PROBLEM DETAILS: Exactly and only the lines from the first entry through the line with "Answer: 35 sessions" should be copied, both ends included, with no pictures.

DATA UNDER STUDY:
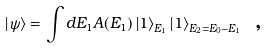<formula> <loc_0><loc_0><loc_500><loc_500>\left | \psi \right \rangle = \int d E _ { 1 } A ( E _ { 1 } ) \left | 1 \right \rangle _ { E _ { 1 } } \left | 1 \right \rangle _ { E _ { 2 } = E _ { 0 } - E _ { 1 } } \text { ,}</formula> 
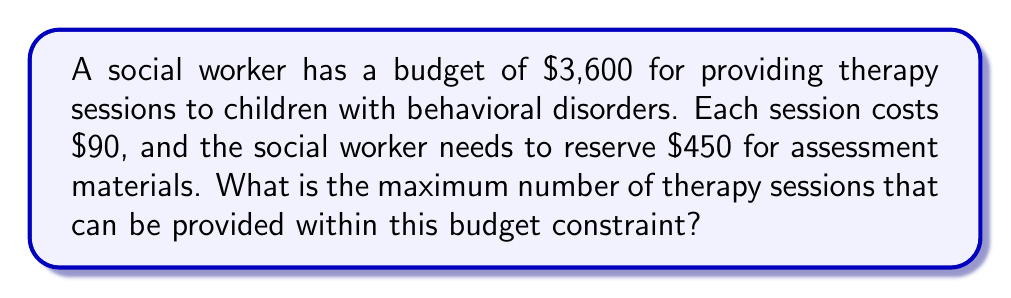Solve this math problem. Let's approach this step-by-step:

1) First, we need to determine the amount available for therapy sessions:
   Total budget: $3,600
   Amount for assessment materials: $450
   
   Amount available for sessions = $3,600 - $450 = $3,150

2) Now, we know that each session costs $90. To find the maximum number of sessions, we need to divide the available amount by the cost per session:

   $$\text{Maximum number of sessions} = \frac{\text{Amount available for sessions}}{\text{Cost per session}}$$

3) Substituting the values:

   $$\text{Maximum number of sessions} = \frac{3150}{90} = 35$$

4) Since we can't have a fractional number of sessions, we round down to the nearest whole number.

Therefore, the maximum number of therapy sessions that can be provided is 35.
Answer: 35 sessions 
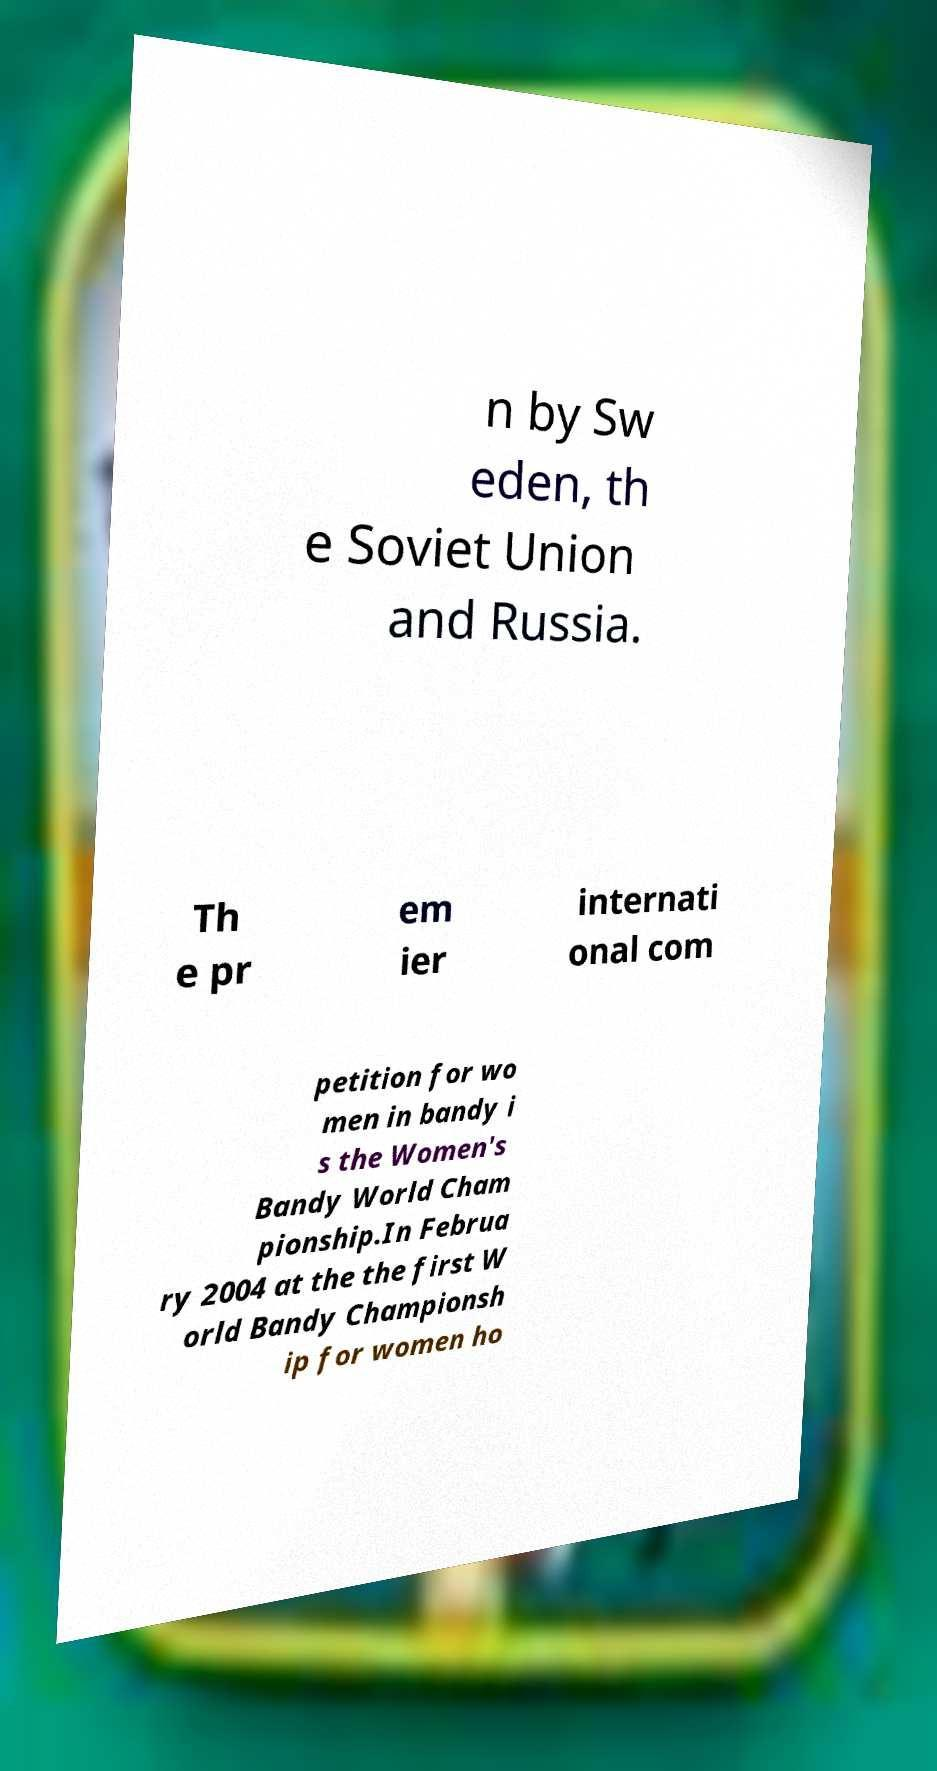What messages or text are displayed in this image? I need them in a readable, typed format. n by Sw eden, th e Soviet Union and Russia. Th e pr em ier internati onal com petition for wo men in bandy i s the Women's Bandy World Cham pionship.In Februa ry 2004 at the the first W orld Bandy Championsh ip for women ho 
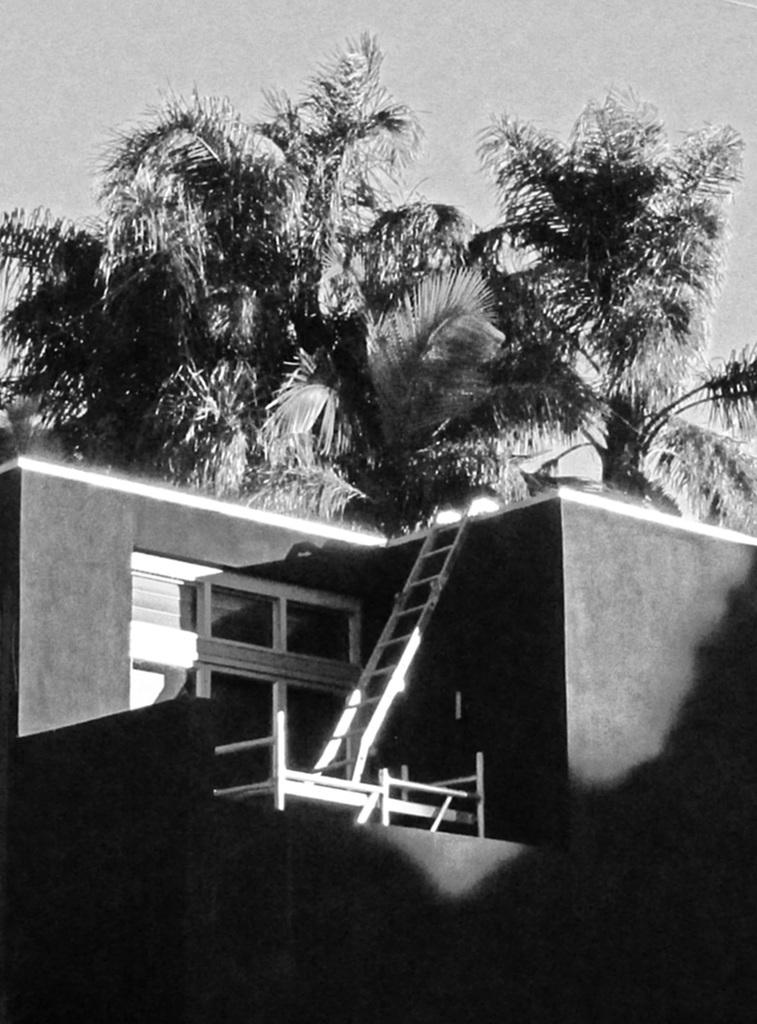What type of structure is present in the image? There is a building in the image. What object is present that might be used for reaching higher places? There is a ladder in the image. What type of natural vegetation is visible in the image? There are trees in the image. How many pies are being held by the giants in the image? There are no giants or pies present in the image. What year is depicted in the image? The image does not depict a specific year; it is a still image. 
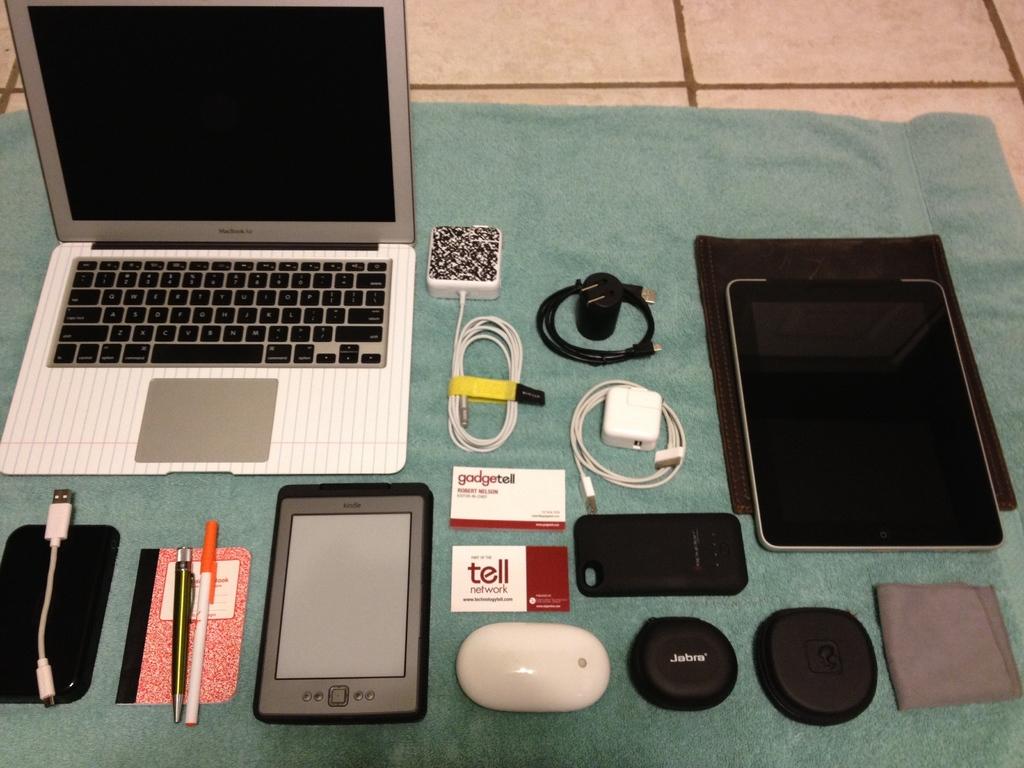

COMPLETED TASK:
<formula> <loc_0><loc_0><loc_500><loc_500>\left | \psi \right \rangle = \int d E _ { 1 } A ( E _ { 1 } ) \left | 1 \right \rangle _ { E _ { 1 } } \left | 1 \right \rangle _ { E _ { 2 } = E _ { 0 } - E _ { 1 } } \text { ,}</formula> 
Solve this math problem. Let's approach this step-by-step:

1) First, we need to determine the amount available for therapy sessions:
   Total budget: $3,600
   Amount for assessment materials: $450
   
   Amount available for sessions = $3,600 - $450 = $3,150

2) Now, we know that each session costs $90. To find the maximum number of sessions, we need to divide the available amount by the cost per session:

   $$\text{Maximum number of sessions} = \frac{\text{Amount available for sessions}}{\text{Cost per session}}$$

3) Substituting the values:

   $$\text{Maximum number of sessions} = \frac{3150}{90} = 35$$

4) Since we can't have a fractional number of sessions, we round down to the nearest whole number.

Therefore, the maximum number of therapy sessions that can be provided is 35.
Answer: 35 sessions 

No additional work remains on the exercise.